Interplay of dineutrino modes with semileptonic rare $\boldsymbol{B}$-decays

Abstract: We present a systematic global analysis of dineutrino modes $b \to q \,\nu \bar \nu$, $q=d,s$, and charged dilepton $b \to q \,\ell^+ \ell^-$ transitions. We derive improved or even entirely new limits on dineutrino branching ratios including decays $B^0 \to (K^0 , X_s)\, \nu \bar \nu$, $B_s \to \phi \,\nu \bar \nu$ and $B^0 \to (\pi^0, \rho^0)\, \nu \bar \nu$ from dineutrino modes which presently are best constrained: $B^+ \to (K^+,\pi^+, \rho^+) \,\nu \bar \nu$ and $B^0 \to K^{*0} \,\nu \bar \nu$. Using SMEFT we obtain new flavor constraints from the dineutrino modes, which are stronger than the corresponding ones from charged dilepton rare $b$-decay or Drell-Yan data, for $e \tau$ and $\tau \tau$ final states, as well as for $\mu \tau$ ones in $b \to s$ processes. The method also allows to put novel constraints on semileptonic four-fermion operators with top quarks.

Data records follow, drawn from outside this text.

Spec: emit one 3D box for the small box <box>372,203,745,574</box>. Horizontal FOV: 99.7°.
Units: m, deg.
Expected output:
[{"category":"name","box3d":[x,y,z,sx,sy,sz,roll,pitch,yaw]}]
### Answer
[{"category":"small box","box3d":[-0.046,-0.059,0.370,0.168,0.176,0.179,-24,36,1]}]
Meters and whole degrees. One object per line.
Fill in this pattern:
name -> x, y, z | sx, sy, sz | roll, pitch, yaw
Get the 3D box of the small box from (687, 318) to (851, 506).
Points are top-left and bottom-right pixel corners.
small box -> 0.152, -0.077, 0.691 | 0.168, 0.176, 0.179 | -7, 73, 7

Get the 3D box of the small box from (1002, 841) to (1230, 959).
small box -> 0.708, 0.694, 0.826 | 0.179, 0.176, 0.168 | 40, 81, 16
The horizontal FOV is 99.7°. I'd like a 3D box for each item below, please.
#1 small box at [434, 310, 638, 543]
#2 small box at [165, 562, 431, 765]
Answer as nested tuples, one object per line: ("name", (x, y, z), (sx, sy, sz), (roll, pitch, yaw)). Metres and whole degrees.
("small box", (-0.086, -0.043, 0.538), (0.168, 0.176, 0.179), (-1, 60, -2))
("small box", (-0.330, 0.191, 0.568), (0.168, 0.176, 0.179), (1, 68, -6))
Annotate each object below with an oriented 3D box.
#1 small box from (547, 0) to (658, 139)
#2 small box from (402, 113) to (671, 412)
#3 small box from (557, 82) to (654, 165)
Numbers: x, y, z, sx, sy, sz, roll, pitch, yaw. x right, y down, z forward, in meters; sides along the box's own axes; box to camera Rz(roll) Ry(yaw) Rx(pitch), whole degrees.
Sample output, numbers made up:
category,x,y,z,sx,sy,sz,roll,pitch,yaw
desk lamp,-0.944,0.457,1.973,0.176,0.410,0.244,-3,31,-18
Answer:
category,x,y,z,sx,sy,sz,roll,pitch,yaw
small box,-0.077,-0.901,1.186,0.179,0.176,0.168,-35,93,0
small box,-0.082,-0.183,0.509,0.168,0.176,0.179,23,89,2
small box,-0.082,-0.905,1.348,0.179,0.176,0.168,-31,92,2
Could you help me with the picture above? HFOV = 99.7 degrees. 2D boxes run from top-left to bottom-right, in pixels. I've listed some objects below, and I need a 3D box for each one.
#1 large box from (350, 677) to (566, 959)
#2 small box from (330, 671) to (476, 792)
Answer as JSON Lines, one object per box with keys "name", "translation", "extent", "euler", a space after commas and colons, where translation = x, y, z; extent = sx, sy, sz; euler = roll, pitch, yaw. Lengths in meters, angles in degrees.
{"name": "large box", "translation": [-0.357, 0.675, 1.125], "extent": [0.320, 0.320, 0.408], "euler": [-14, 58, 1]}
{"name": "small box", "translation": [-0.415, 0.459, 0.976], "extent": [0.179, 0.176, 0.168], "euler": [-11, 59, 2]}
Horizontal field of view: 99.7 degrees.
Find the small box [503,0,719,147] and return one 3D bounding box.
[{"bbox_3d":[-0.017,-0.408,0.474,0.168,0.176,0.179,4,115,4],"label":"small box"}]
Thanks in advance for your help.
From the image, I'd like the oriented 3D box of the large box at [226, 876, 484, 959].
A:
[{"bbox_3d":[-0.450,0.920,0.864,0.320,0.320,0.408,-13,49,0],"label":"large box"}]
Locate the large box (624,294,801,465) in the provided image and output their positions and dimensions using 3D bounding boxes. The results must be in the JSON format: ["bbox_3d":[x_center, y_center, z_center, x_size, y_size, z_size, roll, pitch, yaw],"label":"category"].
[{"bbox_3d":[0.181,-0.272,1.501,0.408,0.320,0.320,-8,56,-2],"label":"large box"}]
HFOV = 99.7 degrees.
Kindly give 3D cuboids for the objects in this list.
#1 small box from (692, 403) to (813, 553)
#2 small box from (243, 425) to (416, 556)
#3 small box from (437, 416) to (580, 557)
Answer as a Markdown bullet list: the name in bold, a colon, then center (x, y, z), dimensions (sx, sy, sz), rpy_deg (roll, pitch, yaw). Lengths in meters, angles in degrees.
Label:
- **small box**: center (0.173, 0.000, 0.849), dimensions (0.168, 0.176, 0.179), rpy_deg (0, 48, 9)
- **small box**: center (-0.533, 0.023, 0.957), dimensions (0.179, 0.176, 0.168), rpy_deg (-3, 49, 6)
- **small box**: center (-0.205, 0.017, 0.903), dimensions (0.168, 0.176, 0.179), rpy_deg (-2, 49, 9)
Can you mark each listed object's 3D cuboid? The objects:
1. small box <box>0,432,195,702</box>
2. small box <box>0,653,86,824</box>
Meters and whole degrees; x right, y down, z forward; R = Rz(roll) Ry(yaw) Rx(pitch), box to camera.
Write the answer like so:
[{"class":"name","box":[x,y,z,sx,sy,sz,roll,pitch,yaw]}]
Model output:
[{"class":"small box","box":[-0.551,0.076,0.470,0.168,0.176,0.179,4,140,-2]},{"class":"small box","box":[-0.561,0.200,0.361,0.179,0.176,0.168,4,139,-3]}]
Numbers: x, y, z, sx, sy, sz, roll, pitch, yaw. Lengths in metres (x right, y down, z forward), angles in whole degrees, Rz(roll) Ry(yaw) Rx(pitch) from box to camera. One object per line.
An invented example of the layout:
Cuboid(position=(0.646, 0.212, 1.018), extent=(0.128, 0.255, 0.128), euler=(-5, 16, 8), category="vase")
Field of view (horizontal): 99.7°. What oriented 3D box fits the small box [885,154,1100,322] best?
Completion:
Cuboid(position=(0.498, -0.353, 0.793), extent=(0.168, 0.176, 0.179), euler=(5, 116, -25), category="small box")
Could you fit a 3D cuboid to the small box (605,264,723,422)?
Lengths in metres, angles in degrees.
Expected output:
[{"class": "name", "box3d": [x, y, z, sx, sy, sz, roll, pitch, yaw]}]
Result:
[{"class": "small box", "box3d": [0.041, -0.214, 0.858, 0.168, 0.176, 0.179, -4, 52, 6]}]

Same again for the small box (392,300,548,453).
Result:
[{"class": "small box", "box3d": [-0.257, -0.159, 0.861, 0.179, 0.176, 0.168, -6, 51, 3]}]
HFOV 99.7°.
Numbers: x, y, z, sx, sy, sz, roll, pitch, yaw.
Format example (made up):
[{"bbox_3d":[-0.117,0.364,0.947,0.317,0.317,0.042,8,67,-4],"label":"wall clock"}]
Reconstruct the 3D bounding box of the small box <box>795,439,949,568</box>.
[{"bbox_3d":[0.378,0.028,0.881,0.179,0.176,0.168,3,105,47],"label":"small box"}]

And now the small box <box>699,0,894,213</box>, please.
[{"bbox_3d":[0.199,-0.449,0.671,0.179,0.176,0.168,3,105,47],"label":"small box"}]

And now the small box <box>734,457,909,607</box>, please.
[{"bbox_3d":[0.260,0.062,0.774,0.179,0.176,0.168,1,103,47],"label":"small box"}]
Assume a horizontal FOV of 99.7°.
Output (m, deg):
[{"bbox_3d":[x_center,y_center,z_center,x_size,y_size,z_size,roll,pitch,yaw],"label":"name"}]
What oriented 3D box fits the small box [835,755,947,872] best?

Implications for ditau modes $b \to s \, \tau^+ \tau^-$ and $b \to d \, \tau^+ \tau^-$ are worked out. Furthermore, the interplay between dineutrinos and charged dileptons allows for concrete, novel tests of lepton universality in rare $B$-decays. Performing a global fit to $b \to s \,\mu^+ \mu^-, \,s \gamma$ transitions we find that lepton universality predicts the ratio of the $B^0 \to K^{*0} \,\nu \bar \nu$ to $B^0 \to K^0 \,\nu \bar \nu$ ($B^+ \to K^+ \,\nu \bar \nu$) branching fractions to be within 1.7 to 2.6 (1.6 to 2.4) at $1\,\sigma$, a region that includes the standard model, and that can be narrowed with improved charged dilepton data. There is sizable room outside this region where universality is broken and that can be probed with the Belle II experiment. Using results of a fit to $B^0 \to \mu^+ \mu^-$, $B^0_s\to \bar{K}^{\ast 0}\,\mu^+\mu^-$ and $ B^+ \to \pi^+\, \mu^+ \mu^-$ data we obtain an analogous relation for $|\Delta b|=|\Delta d|=1$ transitions.